Special Reports

Finding Henry V in All Five Boroughs of New York

Zenzi Williams takes on a king and reminds us that “all things are ready, if our mind be so.”

Zenzi Williams stars in the Public Theater's Mobile Unit production of Henry V.
Zenzi Williams stars in the Public Theater's Mobile Unit production of Henry V.
(photo provided by The Public Theater)

Zenzi Williams plays Henry in the Public Theater's Mobile Unit production of Shakespeare's Henry V, a program that offers free productions of a Shakespeare play throughout community centers in all five boroughs of New York. Below, Williams writes about the process of finding her Henry and how every day, with every new audience, she finds him all over again.

When I sat down for my first rehearsal, there was what I knew about Henry and there was the unknown. I came into the room armed with my instincts while leaving the door open to whatever I would find in the rehearsal room. The Henry I've found is a reflection of those instincts, coupled with the brilliance of my castmates, the vision of my director, my research, and ultimately who I meet in each performance space.

I walk into performances and I never know what I'll learn about Henry that day. Each audience tells me something different. They will tell me what they like or dislike. They will tell Henry when he's been betrayed and what they think of that betrayal, or when Henry is wrong or right. They hold nothing back, nor should they.

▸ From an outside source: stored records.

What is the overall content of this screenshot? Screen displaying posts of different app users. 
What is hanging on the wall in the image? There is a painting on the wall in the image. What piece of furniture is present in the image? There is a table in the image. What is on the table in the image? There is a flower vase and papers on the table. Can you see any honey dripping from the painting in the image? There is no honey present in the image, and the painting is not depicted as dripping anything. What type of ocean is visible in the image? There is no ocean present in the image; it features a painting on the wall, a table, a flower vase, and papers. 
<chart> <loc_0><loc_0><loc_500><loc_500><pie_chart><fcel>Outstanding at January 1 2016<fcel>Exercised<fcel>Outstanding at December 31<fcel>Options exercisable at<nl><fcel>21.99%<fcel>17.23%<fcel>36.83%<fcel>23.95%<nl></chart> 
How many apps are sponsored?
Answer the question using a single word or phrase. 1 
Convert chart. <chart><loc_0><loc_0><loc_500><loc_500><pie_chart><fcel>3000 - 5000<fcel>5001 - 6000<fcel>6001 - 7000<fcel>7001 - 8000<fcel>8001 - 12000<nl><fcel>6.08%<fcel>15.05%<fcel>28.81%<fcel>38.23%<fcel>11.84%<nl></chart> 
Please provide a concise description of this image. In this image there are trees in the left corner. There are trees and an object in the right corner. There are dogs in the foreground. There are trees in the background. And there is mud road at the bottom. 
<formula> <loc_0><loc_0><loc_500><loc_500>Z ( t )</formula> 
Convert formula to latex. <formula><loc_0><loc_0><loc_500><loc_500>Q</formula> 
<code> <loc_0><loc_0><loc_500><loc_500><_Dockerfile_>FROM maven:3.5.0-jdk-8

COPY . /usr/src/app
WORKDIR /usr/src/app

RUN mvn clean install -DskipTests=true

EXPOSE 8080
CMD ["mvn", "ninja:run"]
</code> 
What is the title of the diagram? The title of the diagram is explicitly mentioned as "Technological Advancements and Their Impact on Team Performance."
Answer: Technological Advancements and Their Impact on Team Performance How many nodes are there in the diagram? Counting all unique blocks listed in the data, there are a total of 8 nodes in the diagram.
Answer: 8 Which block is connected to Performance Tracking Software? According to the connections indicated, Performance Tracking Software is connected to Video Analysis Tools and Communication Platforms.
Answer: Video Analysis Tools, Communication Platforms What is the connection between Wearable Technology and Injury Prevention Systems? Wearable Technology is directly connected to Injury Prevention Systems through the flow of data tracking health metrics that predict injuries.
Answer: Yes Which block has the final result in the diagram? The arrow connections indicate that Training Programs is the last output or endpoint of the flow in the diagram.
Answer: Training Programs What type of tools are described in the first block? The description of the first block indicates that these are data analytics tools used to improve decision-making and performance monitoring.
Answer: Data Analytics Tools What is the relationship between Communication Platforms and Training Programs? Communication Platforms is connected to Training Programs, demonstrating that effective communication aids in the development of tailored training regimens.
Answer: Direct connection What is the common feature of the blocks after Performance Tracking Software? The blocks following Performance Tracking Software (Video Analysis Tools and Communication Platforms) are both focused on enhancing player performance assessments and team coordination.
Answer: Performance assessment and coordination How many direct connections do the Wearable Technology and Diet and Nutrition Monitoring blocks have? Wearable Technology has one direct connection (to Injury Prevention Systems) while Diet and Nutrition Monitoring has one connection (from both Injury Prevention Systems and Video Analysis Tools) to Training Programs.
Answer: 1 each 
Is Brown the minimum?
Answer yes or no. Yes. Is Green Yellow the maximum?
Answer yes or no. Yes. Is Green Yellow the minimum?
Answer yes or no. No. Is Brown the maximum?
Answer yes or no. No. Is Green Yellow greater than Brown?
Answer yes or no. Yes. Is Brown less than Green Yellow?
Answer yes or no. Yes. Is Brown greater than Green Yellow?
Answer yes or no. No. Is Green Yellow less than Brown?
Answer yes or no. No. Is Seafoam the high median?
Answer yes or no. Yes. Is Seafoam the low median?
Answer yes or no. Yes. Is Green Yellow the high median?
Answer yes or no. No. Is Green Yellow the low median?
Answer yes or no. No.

Zenzi Williams as Henry V.
Zenzi Williams as Henry V.
(© Joan Marcus)

When I walk into the room and the carpet is set, the music ends, and my colleagues are ready; I open my eyes and the first lines of the play are spoken. This is where all of my homework, all of my preparation and preconceived notions of what others will think about who is playing Henry V are no longer relevant. It's the moment right before I say my first words that it all disappears and my true focus becomes clear: the people and the story.

I've watched the faces of people in the audience and observed what they react to. Some of the people we are performing for are in their most raw forms — circumstance, family life, controlled or uncontrolled actions that may separate us from one another — but we are all human beings who are ready for art, ready for laughter, for freedom, and for change. Though their situations and circumstances may not be like my own, the moment the world of the play opens, we are all on this ride together. We are all searching for more — for some semblance of peace, even if for a moment.

This Henry is not done yet. Every day I'm seeing Henry through the eyes of others, and so the process deepens. Henry famously says, "We few, we happy few, we band of brothers, he today that sheds his blood with me shall be my brother." And this is true of what takes place in each community I perform in. We are bonded by this experience.

A scene from Henry V, starring Zenzi Williams.
A scene from Henry V, starring Zenzi Williams.